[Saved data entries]
■ ■ ■
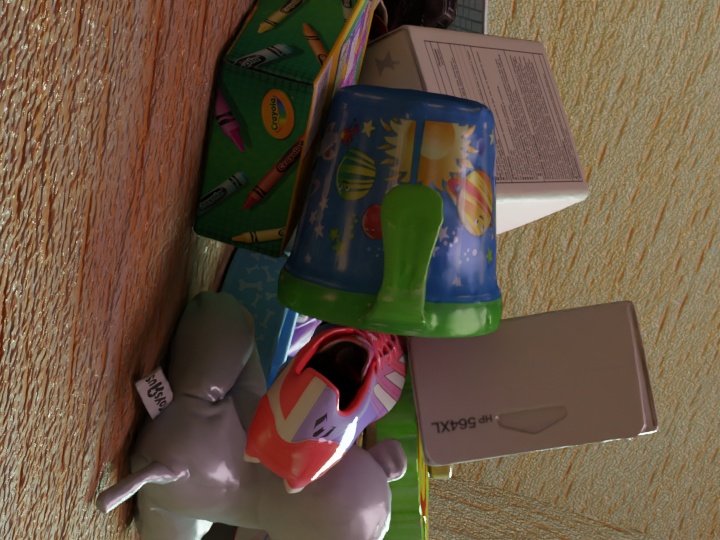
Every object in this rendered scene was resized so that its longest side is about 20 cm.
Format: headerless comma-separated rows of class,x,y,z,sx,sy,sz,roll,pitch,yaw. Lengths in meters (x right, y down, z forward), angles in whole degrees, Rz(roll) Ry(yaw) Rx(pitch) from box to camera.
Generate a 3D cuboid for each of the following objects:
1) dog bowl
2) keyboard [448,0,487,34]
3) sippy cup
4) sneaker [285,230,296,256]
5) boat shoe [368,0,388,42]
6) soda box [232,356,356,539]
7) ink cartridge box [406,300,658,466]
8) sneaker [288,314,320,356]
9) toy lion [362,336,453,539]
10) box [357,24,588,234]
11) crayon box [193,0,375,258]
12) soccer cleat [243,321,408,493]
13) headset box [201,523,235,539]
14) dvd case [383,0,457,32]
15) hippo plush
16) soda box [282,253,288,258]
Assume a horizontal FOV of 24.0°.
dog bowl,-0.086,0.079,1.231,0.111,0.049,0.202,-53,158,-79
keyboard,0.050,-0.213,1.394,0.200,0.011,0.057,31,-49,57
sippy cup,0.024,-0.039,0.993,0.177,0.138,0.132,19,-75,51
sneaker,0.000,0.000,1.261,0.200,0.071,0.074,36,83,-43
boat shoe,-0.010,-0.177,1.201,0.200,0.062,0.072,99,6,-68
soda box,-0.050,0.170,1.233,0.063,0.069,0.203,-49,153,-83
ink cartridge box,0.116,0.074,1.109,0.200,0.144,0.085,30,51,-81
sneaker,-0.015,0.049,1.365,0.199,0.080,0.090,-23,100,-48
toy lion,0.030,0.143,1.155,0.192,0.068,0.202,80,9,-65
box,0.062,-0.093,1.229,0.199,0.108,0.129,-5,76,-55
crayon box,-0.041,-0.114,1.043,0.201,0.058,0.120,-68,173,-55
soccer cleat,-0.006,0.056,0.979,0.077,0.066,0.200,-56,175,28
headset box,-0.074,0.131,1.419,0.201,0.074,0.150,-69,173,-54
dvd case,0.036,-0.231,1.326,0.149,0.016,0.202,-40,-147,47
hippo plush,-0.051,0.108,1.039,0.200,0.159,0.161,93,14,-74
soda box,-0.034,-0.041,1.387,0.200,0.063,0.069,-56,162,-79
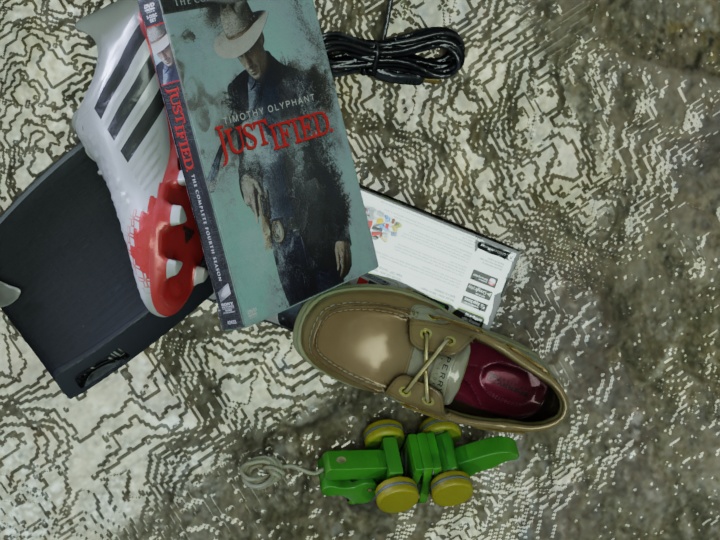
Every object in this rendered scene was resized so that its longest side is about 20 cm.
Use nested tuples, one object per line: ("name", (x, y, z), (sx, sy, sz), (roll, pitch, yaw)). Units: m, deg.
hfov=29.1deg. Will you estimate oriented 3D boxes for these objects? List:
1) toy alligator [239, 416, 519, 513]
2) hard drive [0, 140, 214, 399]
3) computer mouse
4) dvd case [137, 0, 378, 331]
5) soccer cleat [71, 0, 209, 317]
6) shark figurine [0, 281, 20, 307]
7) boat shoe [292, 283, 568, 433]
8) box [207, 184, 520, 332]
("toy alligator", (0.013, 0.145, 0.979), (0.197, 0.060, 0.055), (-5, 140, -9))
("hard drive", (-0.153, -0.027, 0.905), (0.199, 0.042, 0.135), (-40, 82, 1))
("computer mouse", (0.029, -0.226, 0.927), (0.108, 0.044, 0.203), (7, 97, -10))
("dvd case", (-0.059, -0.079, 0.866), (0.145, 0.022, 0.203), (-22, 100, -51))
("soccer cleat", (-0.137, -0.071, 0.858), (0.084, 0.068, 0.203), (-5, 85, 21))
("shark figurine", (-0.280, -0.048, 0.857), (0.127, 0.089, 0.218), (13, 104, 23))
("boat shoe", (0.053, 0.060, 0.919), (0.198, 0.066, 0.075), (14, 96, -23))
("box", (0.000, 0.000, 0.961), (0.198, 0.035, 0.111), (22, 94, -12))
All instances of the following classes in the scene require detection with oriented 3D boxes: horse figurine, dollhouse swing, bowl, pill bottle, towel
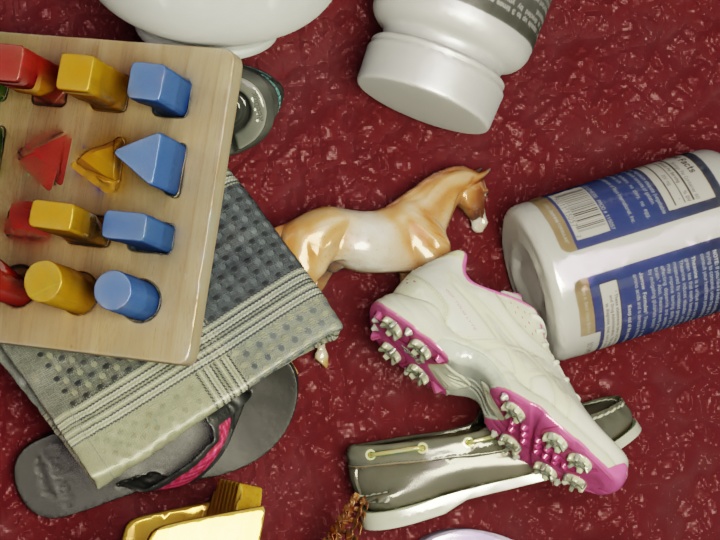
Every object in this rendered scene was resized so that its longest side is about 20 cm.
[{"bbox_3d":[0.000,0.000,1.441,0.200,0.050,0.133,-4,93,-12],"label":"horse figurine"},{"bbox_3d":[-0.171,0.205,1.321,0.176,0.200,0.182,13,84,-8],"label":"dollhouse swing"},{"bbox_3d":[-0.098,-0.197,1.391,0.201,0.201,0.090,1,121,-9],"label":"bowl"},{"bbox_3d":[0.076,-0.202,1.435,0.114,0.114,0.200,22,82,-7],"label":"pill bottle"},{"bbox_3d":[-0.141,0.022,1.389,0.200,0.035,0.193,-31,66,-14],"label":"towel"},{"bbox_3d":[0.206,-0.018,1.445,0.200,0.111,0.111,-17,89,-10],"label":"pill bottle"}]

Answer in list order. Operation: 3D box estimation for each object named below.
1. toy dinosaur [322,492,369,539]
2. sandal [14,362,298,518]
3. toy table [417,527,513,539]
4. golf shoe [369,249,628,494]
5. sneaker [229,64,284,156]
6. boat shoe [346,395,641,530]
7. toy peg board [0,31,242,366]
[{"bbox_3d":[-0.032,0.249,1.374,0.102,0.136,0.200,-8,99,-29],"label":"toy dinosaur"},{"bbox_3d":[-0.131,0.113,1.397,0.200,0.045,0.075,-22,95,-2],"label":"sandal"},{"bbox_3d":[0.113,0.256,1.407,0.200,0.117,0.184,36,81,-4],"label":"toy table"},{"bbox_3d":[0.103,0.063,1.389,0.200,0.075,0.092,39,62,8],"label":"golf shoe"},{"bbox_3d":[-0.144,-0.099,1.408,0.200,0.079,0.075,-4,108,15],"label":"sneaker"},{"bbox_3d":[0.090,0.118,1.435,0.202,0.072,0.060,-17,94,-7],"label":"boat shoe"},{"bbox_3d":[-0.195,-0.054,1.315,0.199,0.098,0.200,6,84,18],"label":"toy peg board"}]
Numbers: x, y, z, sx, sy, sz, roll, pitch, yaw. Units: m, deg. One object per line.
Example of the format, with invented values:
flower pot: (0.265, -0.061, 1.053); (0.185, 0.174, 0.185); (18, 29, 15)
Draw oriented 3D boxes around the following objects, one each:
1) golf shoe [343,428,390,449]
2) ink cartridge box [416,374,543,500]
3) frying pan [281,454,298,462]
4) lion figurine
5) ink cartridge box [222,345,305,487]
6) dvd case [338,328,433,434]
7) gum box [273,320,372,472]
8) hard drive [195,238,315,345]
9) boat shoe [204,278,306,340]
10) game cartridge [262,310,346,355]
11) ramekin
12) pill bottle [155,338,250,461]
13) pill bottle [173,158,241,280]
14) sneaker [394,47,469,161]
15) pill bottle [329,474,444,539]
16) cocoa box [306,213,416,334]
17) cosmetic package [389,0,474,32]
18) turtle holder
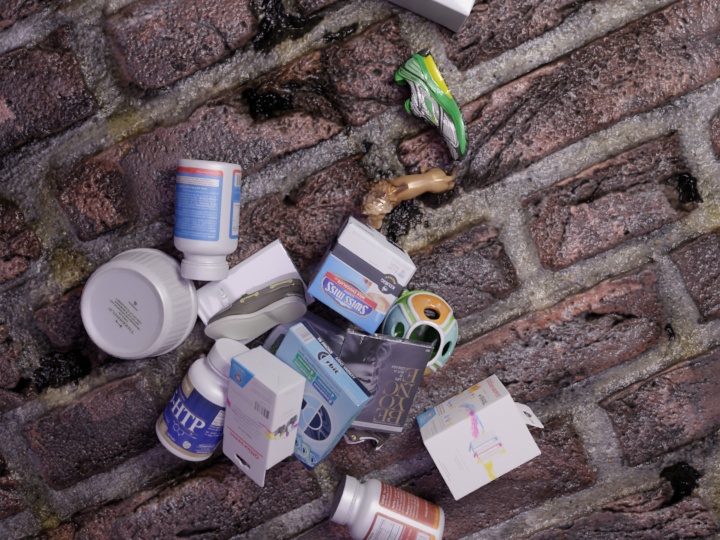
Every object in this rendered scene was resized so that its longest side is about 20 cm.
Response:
■ ■ ■
**WHAT TO WORK ON**
The lines from the one containing "18) turtle holder" through the final line of the data are to be repeated exactly, with both ends included and all pictures left out.

**ANSWER FOR THIS EXERCISE**
18) turtle holder
Every object in this rendered scene was resized so that its longest side is about 20 cm.
Response:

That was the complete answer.